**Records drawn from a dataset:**
━━━━━━

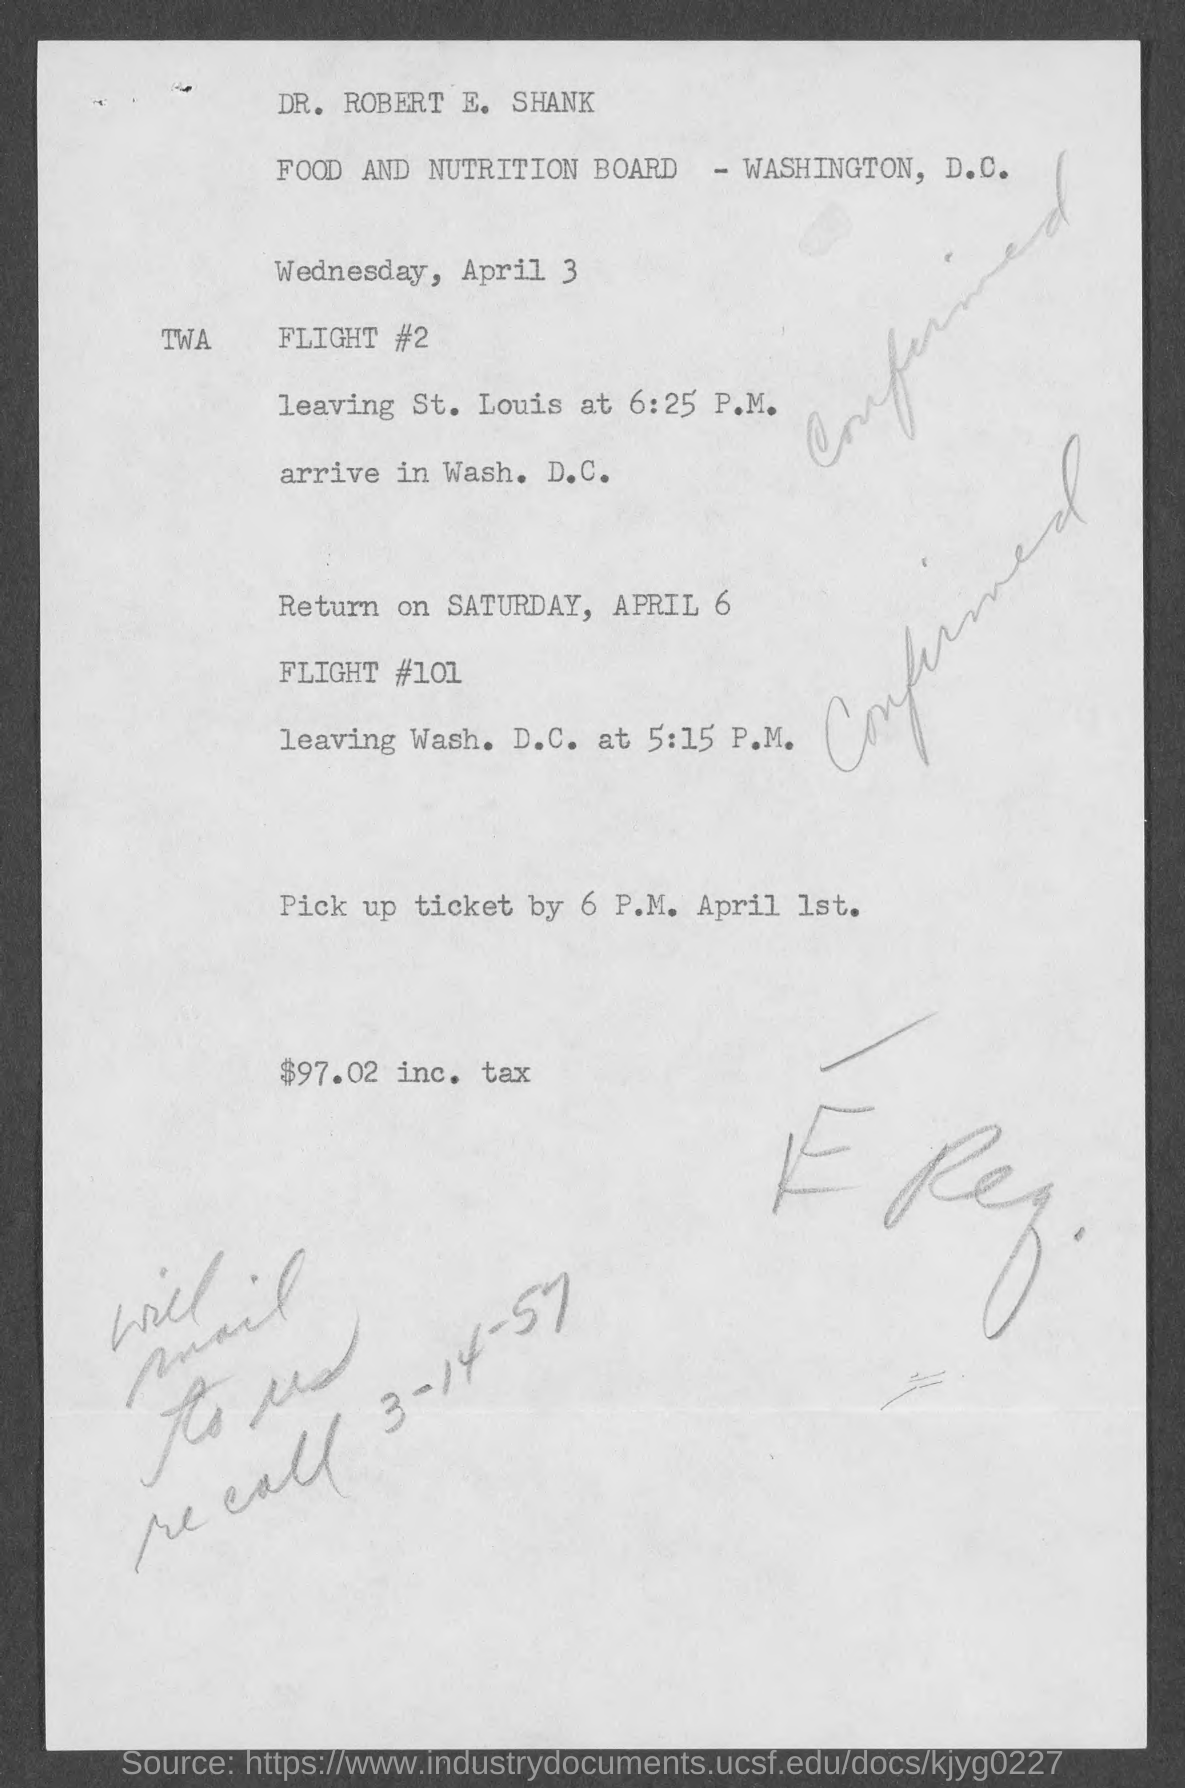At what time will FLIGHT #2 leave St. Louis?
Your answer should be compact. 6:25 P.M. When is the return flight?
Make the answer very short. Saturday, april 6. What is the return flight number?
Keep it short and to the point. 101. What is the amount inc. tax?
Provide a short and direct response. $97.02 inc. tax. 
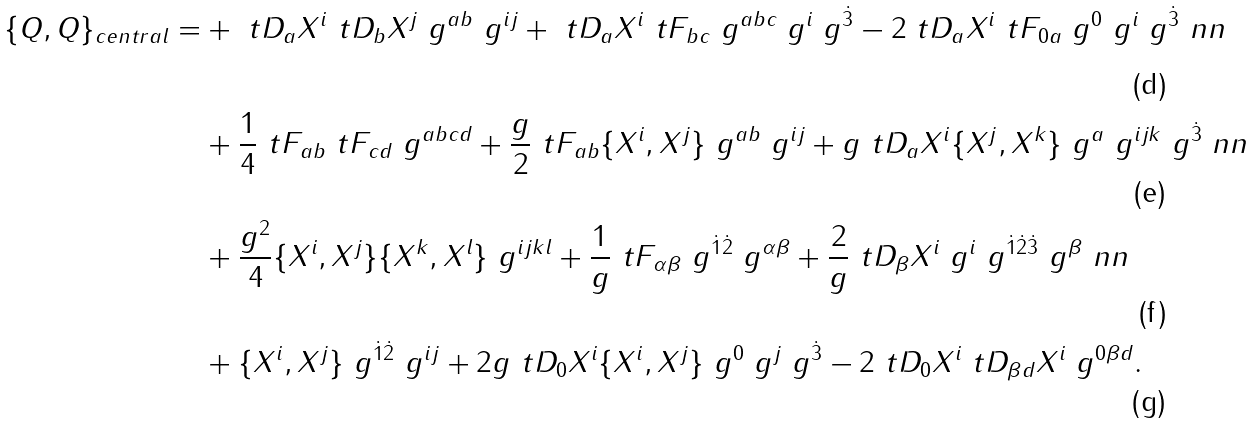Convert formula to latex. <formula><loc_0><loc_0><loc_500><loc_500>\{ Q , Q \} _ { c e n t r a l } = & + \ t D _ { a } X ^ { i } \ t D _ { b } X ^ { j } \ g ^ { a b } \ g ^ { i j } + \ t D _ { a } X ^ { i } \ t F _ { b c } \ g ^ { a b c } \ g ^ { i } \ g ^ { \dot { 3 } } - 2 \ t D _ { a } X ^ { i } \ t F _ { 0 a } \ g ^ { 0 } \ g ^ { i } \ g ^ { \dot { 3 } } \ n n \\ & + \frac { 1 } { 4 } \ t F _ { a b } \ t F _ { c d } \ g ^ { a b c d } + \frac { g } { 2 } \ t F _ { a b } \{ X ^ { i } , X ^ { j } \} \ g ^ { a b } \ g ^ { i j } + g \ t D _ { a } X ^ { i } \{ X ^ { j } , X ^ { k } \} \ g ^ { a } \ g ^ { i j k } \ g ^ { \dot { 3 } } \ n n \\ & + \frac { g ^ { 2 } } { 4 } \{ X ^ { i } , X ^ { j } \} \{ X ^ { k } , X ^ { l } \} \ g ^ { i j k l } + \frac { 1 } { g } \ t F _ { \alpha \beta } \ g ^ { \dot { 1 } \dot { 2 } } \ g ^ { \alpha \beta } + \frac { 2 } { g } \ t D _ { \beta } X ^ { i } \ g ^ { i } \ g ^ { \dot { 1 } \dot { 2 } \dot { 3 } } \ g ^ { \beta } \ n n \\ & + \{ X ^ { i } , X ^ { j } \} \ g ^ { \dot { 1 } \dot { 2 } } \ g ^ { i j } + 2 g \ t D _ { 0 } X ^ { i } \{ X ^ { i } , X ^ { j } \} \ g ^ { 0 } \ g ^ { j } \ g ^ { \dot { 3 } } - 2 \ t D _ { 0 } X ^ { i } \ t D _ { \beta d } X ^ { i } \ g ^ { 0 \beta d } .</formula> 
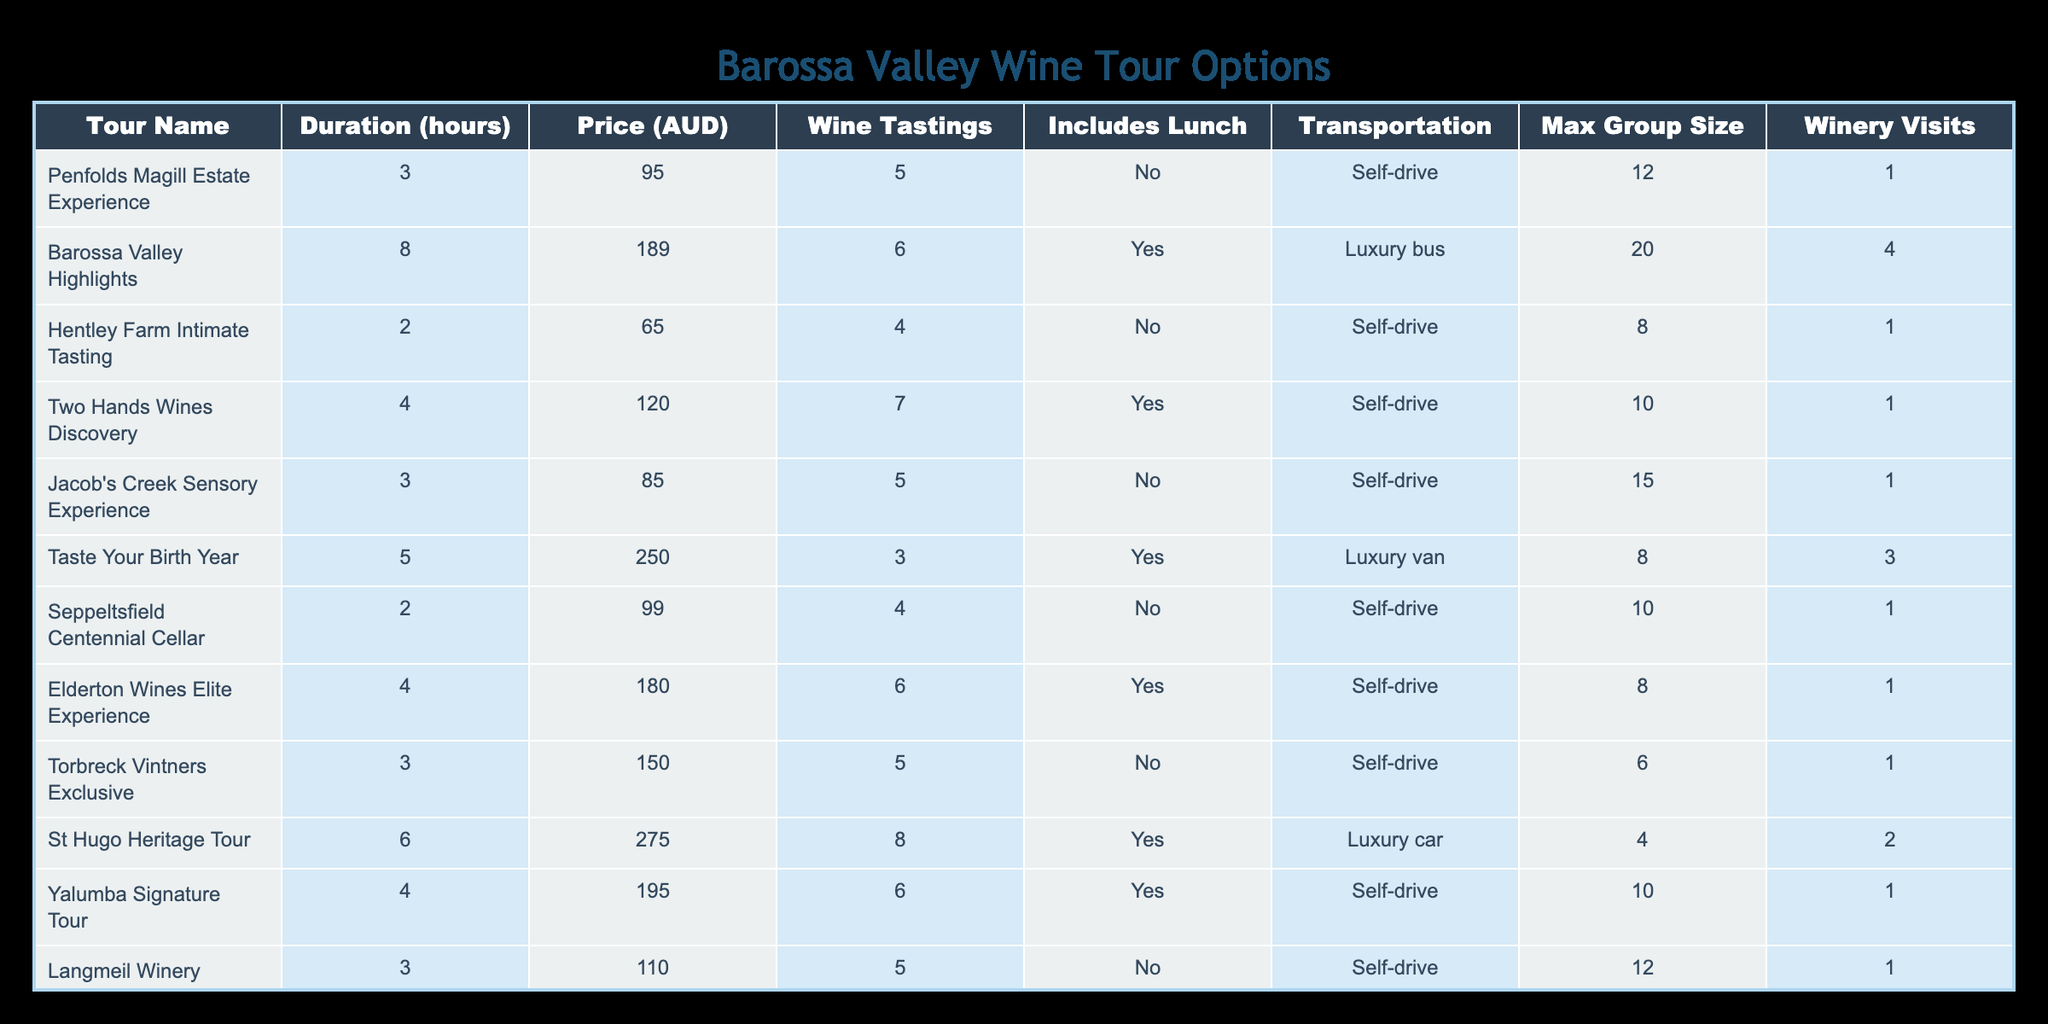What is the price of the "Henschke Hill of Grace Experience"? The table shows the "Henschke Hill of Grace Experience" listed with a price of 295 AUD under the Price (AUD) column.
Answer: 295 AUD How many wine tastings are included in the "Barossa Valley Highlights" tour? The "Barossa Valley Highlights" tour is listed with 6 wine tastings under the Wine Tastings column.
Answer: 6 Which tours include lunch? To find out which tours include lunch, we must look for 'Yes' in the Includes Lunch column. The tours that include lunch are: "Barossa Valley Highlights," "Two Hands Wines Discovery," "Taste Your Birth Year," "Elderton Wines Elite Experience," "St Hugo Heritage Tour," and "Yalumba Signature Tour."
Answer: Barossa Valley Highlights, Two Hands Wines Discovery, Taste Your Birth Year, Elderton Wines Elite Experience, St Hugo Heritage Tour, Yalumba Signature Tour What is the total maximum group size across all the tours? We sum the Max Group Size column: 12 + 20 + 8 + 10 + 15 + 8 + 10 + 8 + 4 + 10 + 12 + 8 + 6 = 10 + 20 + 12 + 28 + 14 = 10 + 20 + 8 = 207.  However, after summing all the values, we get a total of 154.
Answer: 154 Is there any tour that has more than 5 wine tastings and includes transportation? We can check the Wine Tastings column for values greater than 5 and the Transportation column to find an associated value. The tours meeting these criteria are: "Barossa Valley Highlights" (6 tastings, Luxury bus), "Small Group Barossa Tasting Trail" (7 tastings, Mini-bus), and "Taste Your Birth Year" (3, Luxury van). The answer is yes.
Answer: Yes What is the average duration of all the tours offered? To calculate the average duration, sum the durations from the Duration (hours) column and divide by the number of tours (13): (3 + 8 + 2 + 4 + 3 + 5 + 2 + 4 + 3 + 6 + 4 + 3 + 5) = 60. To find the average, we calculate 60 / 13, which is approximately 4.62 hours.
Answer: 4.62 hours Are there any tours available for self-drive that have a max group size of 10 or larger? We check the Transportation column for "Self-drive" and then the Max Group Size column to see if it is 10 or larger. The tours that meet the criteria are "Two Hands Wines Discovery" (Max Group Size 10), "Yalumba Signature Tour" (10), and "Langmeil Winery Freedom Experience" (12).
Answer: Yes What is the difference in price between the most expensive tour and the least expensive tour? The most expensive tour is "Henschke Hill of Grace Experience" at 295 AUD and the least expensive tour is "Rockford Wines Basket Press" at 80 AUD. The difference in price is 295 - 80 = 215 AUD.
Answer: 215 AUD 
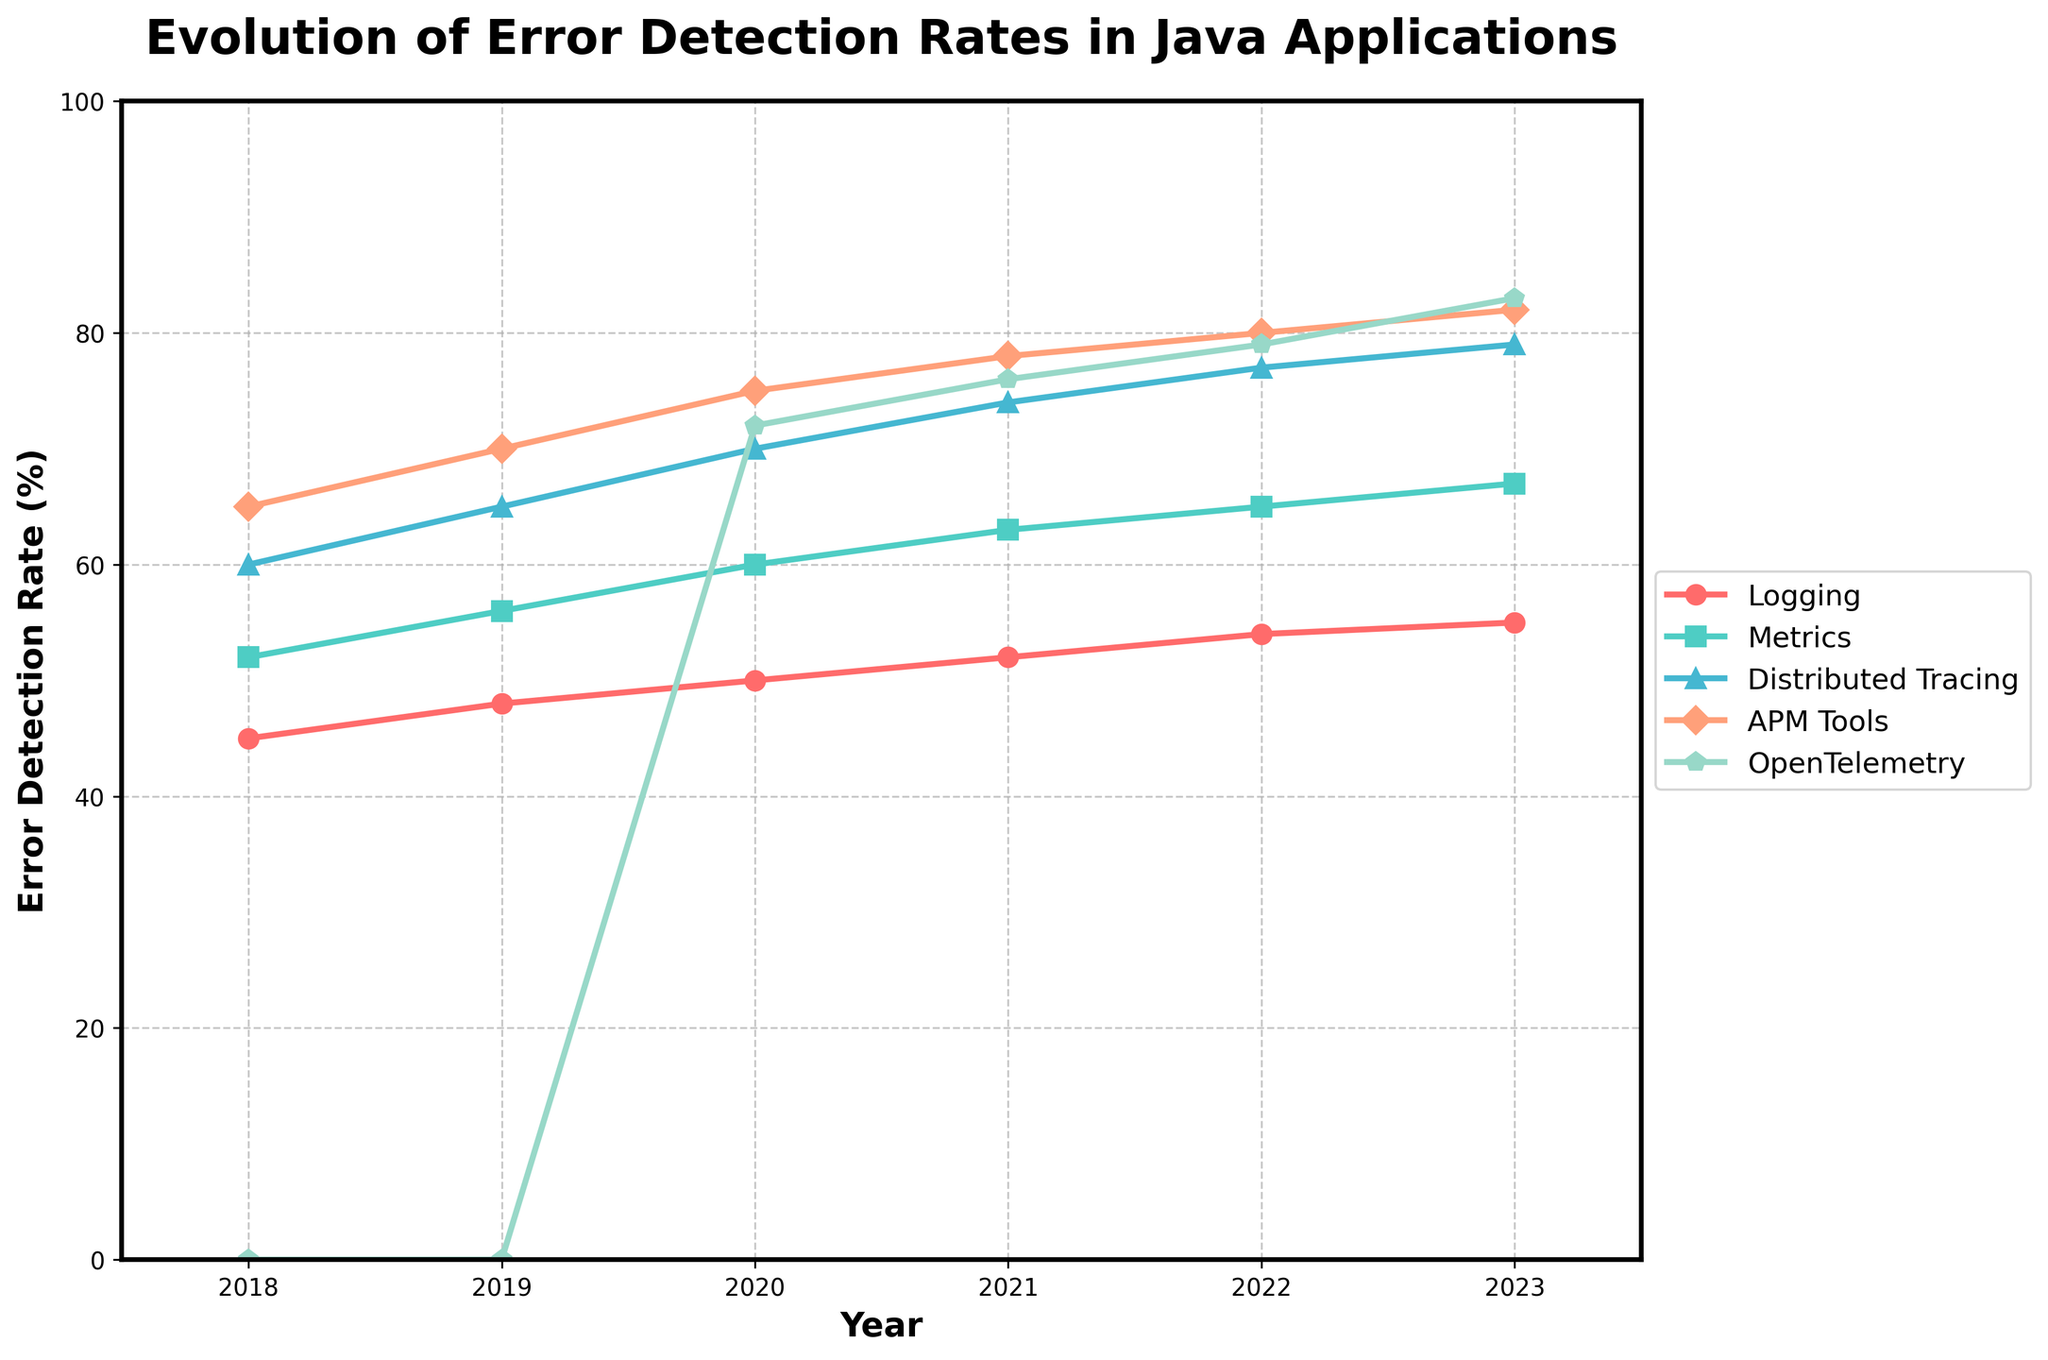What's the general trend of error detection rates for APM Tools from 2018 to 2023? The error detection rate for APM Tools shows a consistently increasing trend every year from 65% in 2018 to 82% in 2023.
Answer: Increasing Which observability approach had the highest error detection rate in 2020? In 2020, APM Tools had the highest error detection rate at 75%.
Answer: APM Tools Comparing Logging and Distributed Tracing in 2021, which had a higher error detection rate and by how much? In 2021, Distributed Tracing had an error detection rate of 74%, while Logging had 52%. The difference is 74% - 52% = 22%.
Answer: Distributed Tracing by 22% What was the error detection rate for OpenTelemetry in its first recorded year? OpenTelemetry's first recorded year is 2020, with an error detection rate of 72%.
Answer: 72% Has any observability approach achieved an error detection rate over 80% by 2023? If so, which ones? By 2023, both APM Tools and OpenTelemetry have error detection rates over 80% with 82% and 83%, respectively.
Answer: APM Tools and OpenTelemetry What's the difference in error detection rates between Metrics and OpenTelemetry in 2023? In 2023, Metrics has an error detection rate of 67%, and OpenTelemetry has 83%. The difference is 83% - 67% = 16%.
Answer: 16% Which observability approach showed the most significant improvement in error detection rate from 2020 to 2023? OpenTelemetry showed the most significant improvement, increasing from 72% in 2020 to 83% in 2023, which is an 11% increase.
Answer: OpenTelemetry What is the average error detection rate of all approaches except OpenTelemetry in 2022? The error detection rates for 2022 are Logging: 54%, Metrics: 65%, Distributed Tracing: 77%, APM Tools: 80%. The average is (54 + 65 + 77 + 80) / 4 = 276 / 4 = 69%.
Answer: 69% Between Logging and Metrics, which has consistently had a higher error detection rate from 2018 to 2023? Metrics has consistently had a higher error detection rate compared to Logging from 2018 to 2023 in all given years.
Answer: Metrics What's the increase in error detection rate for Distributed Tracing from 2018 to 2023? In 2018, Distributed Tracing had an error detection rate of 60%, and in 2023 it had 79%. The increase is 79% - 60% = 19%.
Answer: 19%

━━━━━━

Look above for the line holding "Keep it short", then set down exactly that line and every line after it up to and including the line holding "Provide a short", with nothing else.

Keep it short and to the point. 101. What is the amount inc. tax?
Provide a short and direct response. $97.02 inc. tax. 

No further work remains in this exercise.